Published in final edited form as: Addict Biol. 2018 Oct 31;25(1):e12691. doi: 10.1111/adb.12691

Figure 1. Functional antagonism of α3β4* nAChRs reduces THC withdrawal signs.

Figure 1

(A) THC-dependent mice pretreated with the selective α3β4* nAChR antagonist, AuIB (1.75, 3.5, 7 pmol, i.c.v.), show a decrease in somatic signs compared with the group of mice injected with THC and rimonabant.

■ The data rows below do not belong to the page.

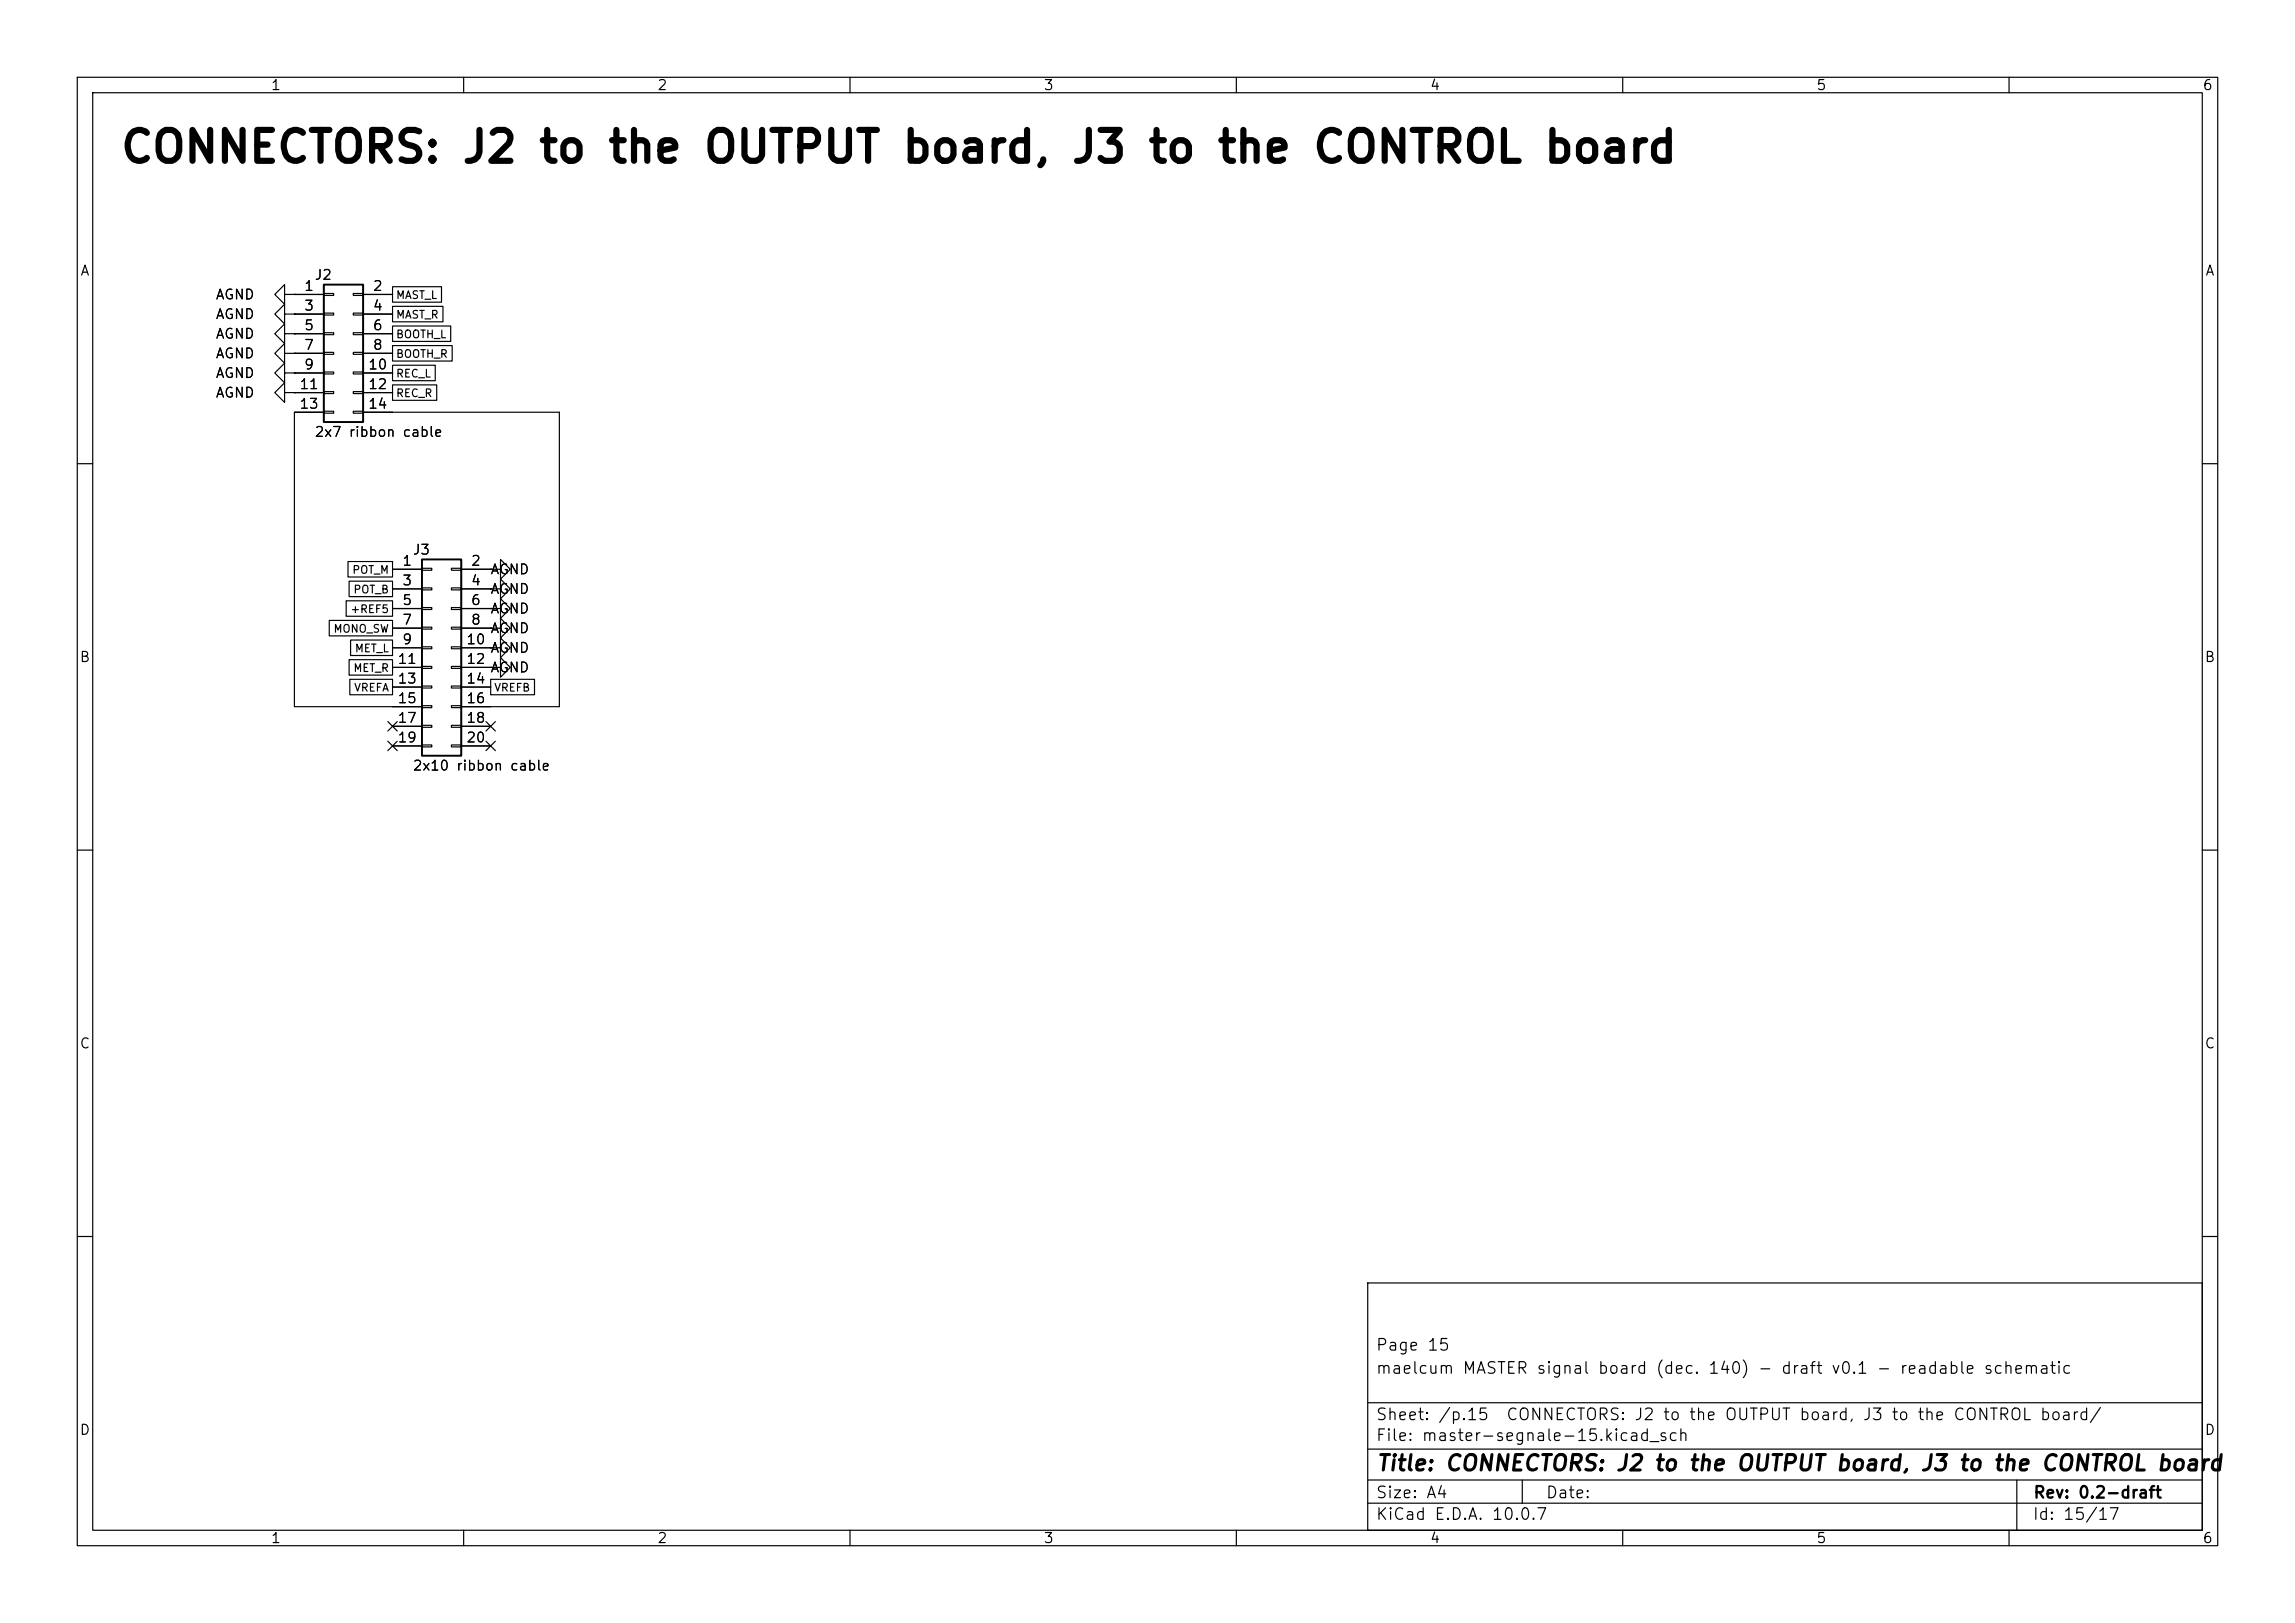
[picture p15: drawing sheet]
<svg xmlns="http://www.w3.org/2000/svg" width="297mm" height="210mm" viewBox="0 0 297 210" stroke-linecap="round" stroke-linejoin="round" font-family="sans-serif">
<defs><g id="words">
<text font-size="4" x="15.4" y="22">CONNECTORS: J2 to the OUTPUT board, J3 to the CONTROL board</text>
<text font-size="2" x="178" y="190.8">Title: CONNECTORS: J2 to the OUTPUT board, J3 to the CONTROL board</text>
<g font-size="1.5">
<text x="178" y="178.1">maelcum MASTER signal board (dec. 140) - draft v0.1 - readable schematic</text>
<text x="178" y="175.1">Page 15</text>
<text x="178" y="184.1">Sheet: /p.15</text>
<text x="194.8" y="184.1">CONNECTORS: J2 to the OUTPUT board, J3 to the CONTROL board/</text>
<text x="178" y="186.8">File: master-segnale-15.kicad_sch</text>
<text x="178" y="197">KiCad E.D.A. 10.0.7</text>
<text x="178" y="194.2">Size: A4</text>
<text x="200" y="194.2">Date:</text>
<text x="263" y="197">Id: 15/17</text>
<text x="263" y="194.2">Rev: 0.2-draft</text>
</g>
<g font-size="1.3">
<text x="35" y="12">1</text>
<text x="85" y="12">2</text>
<text x="135" y="12">3</text>
<text x="185" y="12">4</text>
<text x="235" y="12">5</text>
<text x="285" y="12">6</text>
<text x="10.3" y="36">A</text>
<text x="285.3" y="36">A</text>
<text x="27.8" y="41.6">AGND</text>
<text x="27.8" y="39.1">AGND</text>
<text x="39.3" y="38">1</text>
<text x="39.3" y="40.5">3</text>
<text x="40.6" y="36.5">J2</text>
<text x="48.2" y="38">2</text>
<text x="48.2" y="40.5">4</text>
<text x="27.8" y="44.1">AGND</text>
<text x="27.8" y="46.7">AGND</text>
<text x="39.3" y="43">5</text>
<text x="39.3" y="45.6">7</text>
<text x="48.2" y="43">6</text>
<text x="48.2" y="45.6">8</text>
<text x="27.8" y="51.8">AGND</text>
<text x="27.8" y="49.2">AGND</text>
<text x="38.7" y="50.7">11</text>
<text x="38.7" y="53.2">13</text>
<text x="39.3" y="48.1">9</text>
<text x="47.6" y="48.1">10</text>
<text x="47.6" y="50.7">12</text>
<text x="47.6" y="53.2">14</text>
<text x="40.6" y="56.8">2x7 ribbon cable</text>
<text x="52" y="73.5">1</text>
<text x="52" y="76.1">3</text>
<text x="53.3" y="72.1">J3</text>
<text x="60.9" y="73.5">2</text>
<text x="60.9" y="76.1">4</text>
<text x="63.4" y="77.2">AGND</text>
<text x="63.4" y="74.6">AGND</text>
<text x="52" y="78.6">5</text>
<text x="52" y="81.1">7</text>
<text x="52" y="83.7">9</text>
<text x="60.3" y="83.7">10</text>
<text x="60.9" y="78.6">6</text>
<text x="60.9" y="81.1">8</text>
<text x="63.4" y="79.7">AGND</text>
<text x="63.4" y="82.2">AGND</text>
<text x="10.2" y="86">B</text>
<text x="51.4" y="86.2">11</text>
<text x="51.4" y="88.8">13</text>
<text x="60.3" y="86.2">12</text>
<text x="60.3" y="88.8">14</text>
<text x="63.4" y="84.8">AGND</text>
<text x="63.4" y="87.3">AGND</text>
<text x="285.2" y="86">B</text>
<text x="51.4" y="91.3">15</text>
<text x="51.4" y="93.8">17</text>
<text x="60.3" y="91.3">16</text>
<text x="60.3" y="93.8">18</text>
<text x="51.4" y="96.4">19</text>
<text x="53.3" y="100">2x10 ribbon cable</text>
<text x="60.3" y="96.4">20</text>
<text x="10.2" y="136">C</text>
<text x="285.2" y="136">C</text>
<text x="10.2" y="186">D</text>
<text x="285.2" y="186">D</text>
<text x="35" y="200">1</text>
<text x="85" y="200">2</text>
<text x="135" y="200">3</text>
<text x="185" y="200">4</text>
<text x="235" y="200">5</text>
<text x="285" y="200">6</text>
</g>
<g font-size="1">
<text x="51.2" y="41.5">MAST_R</text>
<text x="51.2" y="38.9">MAST_L</text>
<text x="51.2" y="46.5">BOOTH_R</text>
<text x="51.2" y="44">BOOTH_L</text>
<text x="51.2" y="51.6">REC_R</text>
<text x="51.2" y="49.1">REC_L</text>
<text x="45.5" y="74.5">POT_M</text>
<text x="45.7" y="77">POT_B</text>
<text x="43.1" y="82.1">MONO_SW</text>
<text x="45.3" y="79.6">+REF5</text>
<text x="45.7" y="87.2">MET_R</text>
<text x="45.7" y="89.7">VREFA</text>
<text x="45.8" y="84.6">MET_L</text>
<text x="63.9" y="89.7">VREFB</text>
</g>
</g></defs>
<g fill="none" stroke="#000" stroke-width=".15">
<path d="M10 10h277v190h-277zM12 12h273v186h-273zM60 10v2M110 10v2M160 10v2M210 10v2M260 10v2M36.8 38.1v-1.3l-1.2 1.3 1.2 1.3v-1.3h1.3M38.1 38.1h.1M38.1 38.1h3.8M41.9 38h1.3v.2h-1.3zM45.7 38h1.3v.2h-1.3z"/>
<path d="M47 38.1h3.8M50.8 39.6h6.5v2h-6.5zM50.8 37.1h6.3v2h-6.3zM36.8 40.6v-1.2l-1.2 1.2 1.2 1.3v-1.3h1.3M36.8 43.2v-1.3l-1.2 1.3 1.2 1.3v-1.3h1.3M36.8 45.7v-1.2l-1.2 1.2 1.2 1.3v-1.3h1.3M36.8 50.8v-1.3l-1.2 1.3 1.2 1.3v-1.3h1.3M36.8 48.3v-1.3l-1.2 1.3 1.2 1.2v-1.2h1.3M38.1 40.6h.1M38.1 43.2h.1M38.1 45.7h.1M38.1 50.8h.1"/>
<path d="M38.1 48.3h.1M38.1 40.6h3.8M38.1 43.2h3.8M38.1 45.7h3.8M38.1 48.3h3.8M38.1 50.8h3.8M41.9 40.5h1.3v.3h-1.3zM41.9 43.1h1.3v.2h-1.3zM41.9 45.6h1.3v.2h-1.3zM41.9 48.1h1.3v.3h-1.3zM41.9 50.7h1.3v.2h-1.3zM41.9 53.2h1.3v.3h-1.3z"/>
<path d="M41.9 53.3h-3.8v38.1h16.5M45.7 40.5h1.3v.3h-1.3zM45.7 43.1h1.3v.2h-1.3zM45.7 45.6h1.3v.2h-1.3zM45.7 48.1h1.3v.3h-1.3zM45.7 50.7h1.3v.2h-1.3zM45.7 53.2h1.3v.3h-1.3zM47 53.3h25.4v38.1h-12.7M47 40.6h3.8M47 43.2h3.8M47 45.7h3.8M47 48.3h3.8"/>
<path d="M47 50.8h3.8M50.8 49.8h5.7v2h-5.7zM50.8 47.3h5.5v2h-5.5zM50.8 44.7h7.7v2h-7.7zM50.8 42.2h7.5v2h-7.5zM10 60h2M44.8 77.7h6v2h-6zM45 72.7h5.8v2h-5.8zM45.2 75.2h5.6v2h-5.6zM50.8 73.7h3.8M50.8 76.2h3.8M50.8 78.7h3.8"/>
<path d="M54.6 73.5h1.3v.3h-1.3zM54.6 76.1h1.3v.2h-1.3zM54.6 78.6h1.3v.3h-1.3zM58.4 73.5h1.3v.3h-1.3zM58.4 76.1h1.3v.2h-1.3zM58.4 78.6h1.3v.3h-1.3zM59.7 73.7h3.8M59.7 76.2h3.8M59.7 78.7h3.8M63.5 78.7h1.3v-1.2l1.2 1.2-1.2 1.3v-1.3M63.5 78.7h.1M63.5 76.2h1.3v-1.3l1.2 1.3-1.2 1.3v-1.3"/>
<path d="M63.5 76.2h.1M63.5 73.7h1.3v-1.3l1.2 1.3-1.2 1.2v-1.2M63.5 73.7h.1M285 60h2M42.6 80.3h8.2v2h-8.2zM45.2 85.4h5.6v2h-5.6zM45.3 87.9h5.5v2h-5.5zM45.4 82.8h5.4v2h-5.4zM50.2 95.9l1.2 1.2M50.2 93.4l1.2 1.2M50.8 81.3h3.8M50.8 83.8h3.8"/>
<path d="M50.8 86.4h3.8M50.8 88.9h3.8M50.8 94h3.8M50.8 96.5h3.8M51.4 95.9l-1.2 1.2M51.4 93.4l-1.2 1.2M54.6 81.2h1.3v.2h-1.3zM54.6 83.7h1.3v.2h-1.3zM54.6 86.2h1.3v.3h-1.3zM54.6 88.8h1.3v.2h-1.3zM54.6 91.3h1.3v.3h-1.3zM54.6 93.9h1.3v.2h-1.3z"/>
<path d="M54.6 96.4h1.3v.2h-1.3zM58.4 81.2h1.3v.2h-1.3zM58.4 83.7h1.3v.2h-1.3zM58.4 86.2h1.3v.3h-1.3zM58.4 88.8h1.3v.2h-1.3zM58.4 91.3h1.3v.3h-1.3zM58.4 93.9h1.3v.2h-1.3zM58.4 96.4h1.3v.2h-1.3zM59.7 81.3h3.8M59.7 83.8h3.8M59.7 86.4h3.8M59.7 88.9h3.8"/>
<path d="M59.7 94h3.8M59.7 96.5h3.8M62.9 95.9l1.2 1.2M62.9 93.4l1.2 1.2M63.5 83.8h1.3v-1.2l1.2 1.2-1.2 1.3v-1.3M63.5 83.8h.1M63.5 81.3h1.3v-1.3l1.2 1.3-1.2 1.3v-1.3M63.5 81.3h.1M63.5 86.4h1.3v-1.3l1.2 1.3-1.2 1.2v-1.2M63.5 86.4h.1M63.5 87.9h5.7v2h-5.7zM64.1 95.9l-1.2 1.2"/>
<path d="M64.1 93.4l-1.2 1.2M10 110h2M285 110h2M10 160h2M177 166h108v32h-108zM285 160h2M60 198v2M110 198v2M160 198v2M177 194.5h108M177 191.5h108M177 187.5h108"/>
<path d="M177 181.5h108M197 191.5v3M210 198v2M260 198v2M261 191.5v6.5"/>
</g>
<path d="M41.9 36.8h5.1v17.8h-5.1zM54.6 72.4h5.1v25.4h-5.1z" fill="none" stroke="#000" stroke-width=".25"/>
<use href="#words"/>
</svg>

The injection of AuIB (7 pmol/mouse, i.c.v.) by itself or in combination with THC does not affect the total somatic signs compared to vehicle-treated group. ****P < 0.0001, **P < 0.01 versus vehicle+vehicle+vehicle group; ####P < 0.0001 versus THC+rimonabant+AuIB (1.75 pmol) group. (B) The partial agonist, AT-1001 (0.3, 3 mg/kg, i.p.), dose-dependently decrease the total somatic signs compared to the group of mice injected with THC and rimanabant. The injection of AT-1001 (3 mg/kg, i.p.) by itself or in combination with THC does not affect the total somatic signs compared to vehicle-treated group. **** P < 0.0001, **P < 0.01 versus vehicle+vehicle+vehicle group; ##P < 0.01 versus THC+rimonabant+AT-1001 (0.3 mg/kg) group. Data reflect mean ± SEM, n=8 mice per group.